Languages and Tools:  C, C++11, Python, Tcl, Java (Core), Bash, Assembly language (x86). Flex, Bison, ANTLR. Verilog, VHDL, Git, Perforce, CMake.

# Experience

## Cloud Software Development Engineer / Sr. Staff Engineer, Intel Corporation **Dec’18 – Present**

### Remote Employee, Bengaluru

* Part of the Java platform optimization team since joining in December 2018. Currently focusing on adding low-precision type support in Java, making it future-ready for next-generation AI workloads and Vector Databases. Also spearheading Diamond Rapids software enabling efforts in JVM, closing the competitive optimization gaps against ARM servers, and Vector API – Valhalla integration efforts, working in close collaboration with Oracle teams.

Following is a gist of my year-wise significant contributions to OpenJDK since joining Intel:

* **2019**: C2 compile Generic Operands Support
* Significant infrastructure changes in instruction selection, enabling the merging of lots of instruction selection patterns. This resolved one of the major bottlenecks in Vector API 1st Incubation acceptance into the mainline OpenJDK. ARM later adopted this solution to unify their Neon and SVE backends.
* **2020**: AVX512 differentiating optimizations
* Designed and implemented an advanced Ternary Logic optimization that folds logic cones into one 3 input LUT to generate ternary logic instructions introduced by AVX512 ISA.
* Implemented partial inlining of small copy/mismatch methods using AVX512, showing 2-3x speedup.
* Optimized stubs for copy, fill, and mismatch methods routinely used in almost all Java workloads.
* Optimizations of various math operations like ceil, floor, round, floating point min/max, signum, float to integral conversion.
* **2021**: Implementation of Java Enhancement Proposal (JEP) 417: Vector API (Third Incubator)

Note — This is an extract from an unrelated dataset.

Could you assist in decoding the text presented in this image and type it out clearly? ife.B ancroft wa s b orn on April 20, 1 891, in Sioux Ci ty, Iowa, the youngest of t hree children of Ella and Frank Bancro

Predicated operations form the backbone of data parallel programming and help in translating conditional logic into straight line data flow. Vector API third incubator added AVX512 optimizations for predicated/masked operations enabling users to write efficient data parallel code in Java.

* Jatin was leading contributor for predicated vector operations support resulting into around 2x performance improvement on AVX512 targets. He extended register allocator to handle opmask registers and added support for masked AVX512 instruction code generation. He also improved the performance of routinely used masking operations, firstTrue, lastTrue, anyTrue, allTrue.
* **2022**: JEP 426: Vector API (Fourth Incubator)

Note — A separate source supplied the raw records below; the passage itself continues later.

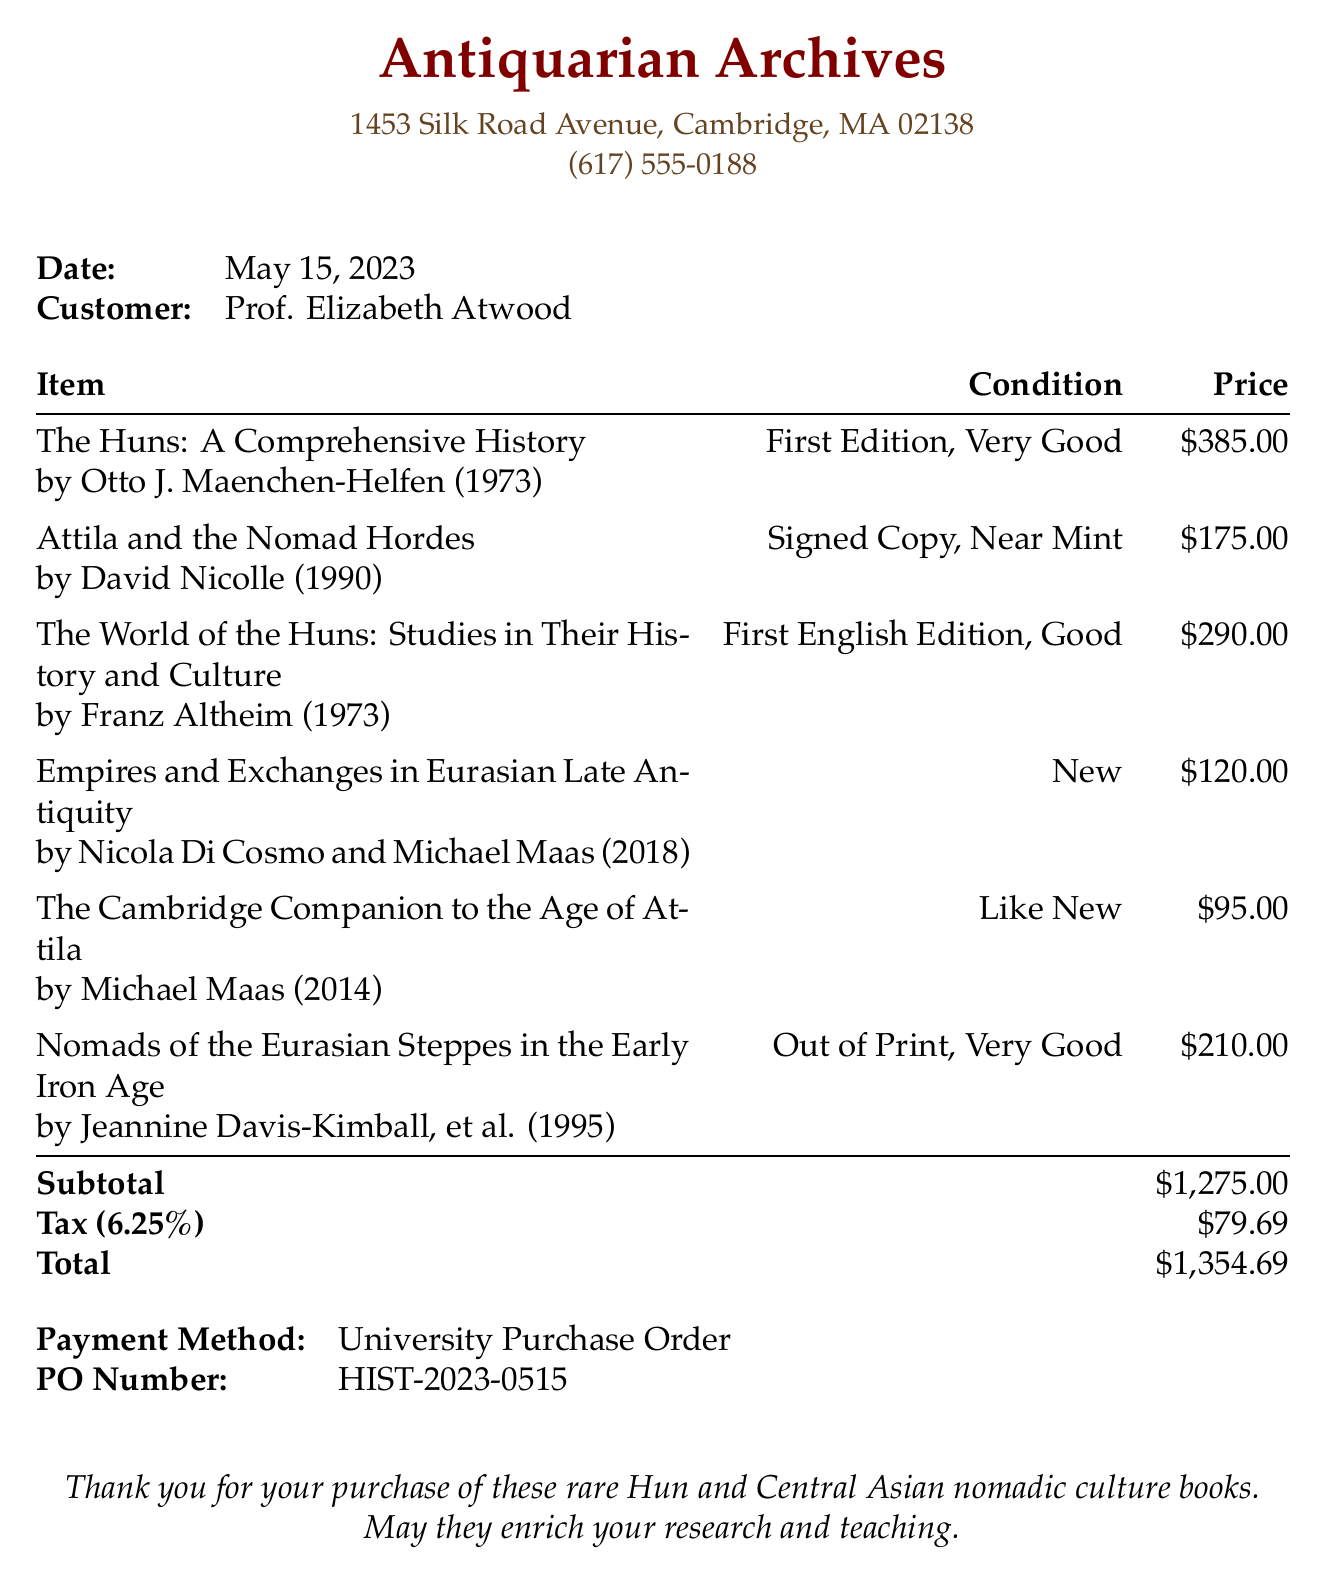What is the name of the bookstore? The name of the bookstore is stated at the top of the receipt.
Answer: Antiquarian Archives What is the address of the bookstore? The address is listed in the contact details section of the receipt.
Answer: 1453 Silk Road Avenue, Cambridge, MA 02138 Who is the customer? The customer's name is specifically mentioned in the receipt details.
Answer: Prof. Elizabeth Atwood What is the condition of "The Huns: A Comprehensive History"? The condition is specified directly under the title in the itemized section.
Answer: First Edition, Very Good What total amount was paid? The total is clearly indicated at the bottom of the receipt.
Answer: $1,354.69 How many items were purchased? The number of items can be counted in the itemized section of the receipt.
Answer: 6 What payment method was used? The payment method is specifically mentioned toward the end of the receipt.
Answer: University Purchase Order Which item has a signed copy? The title of the item with a signed copy is indicated in the item list.
Answer: Attila and the Nomad Hordes What year was "The World of the Huns" published? The year of publication is listed next to the title in the item description.
Answer: 1973 What is the PO number? The PO number is explicitly mentioned in the payment details section.
Answer: HIST-2023-0515

Jatin spearheaded the design and development of the JEP in collaboration with OpenJDK community partners (Oracle/ ARM).

* Optimized implementation of various bit level operations, BIT\_COUNT, LEADING\_ZERO\_COUNT, TRAILING\_ZERO\_COUNT, REVERSE, REVERSE\_BYTES.
* Added powerful vector compress / expand APIs leveraging AVX512 instructions. These APIs target optimizing columnar data-base predicate pushdown and was used by OpenSourceDB team to optimize ORC reader in prestoDB open-source showing 1.5x gains.
* **2023**:

Valhalla – Vector API Integration

OpenJDK project Valhalla led by Oracle introduces value types in Java and is slated to be integrated in mainline OpenJDK in one of the upcoming releases. Java Vector API vectors are immutable quantities and so should be implemented as value types. This is a key requirement for Vector API incubation exit.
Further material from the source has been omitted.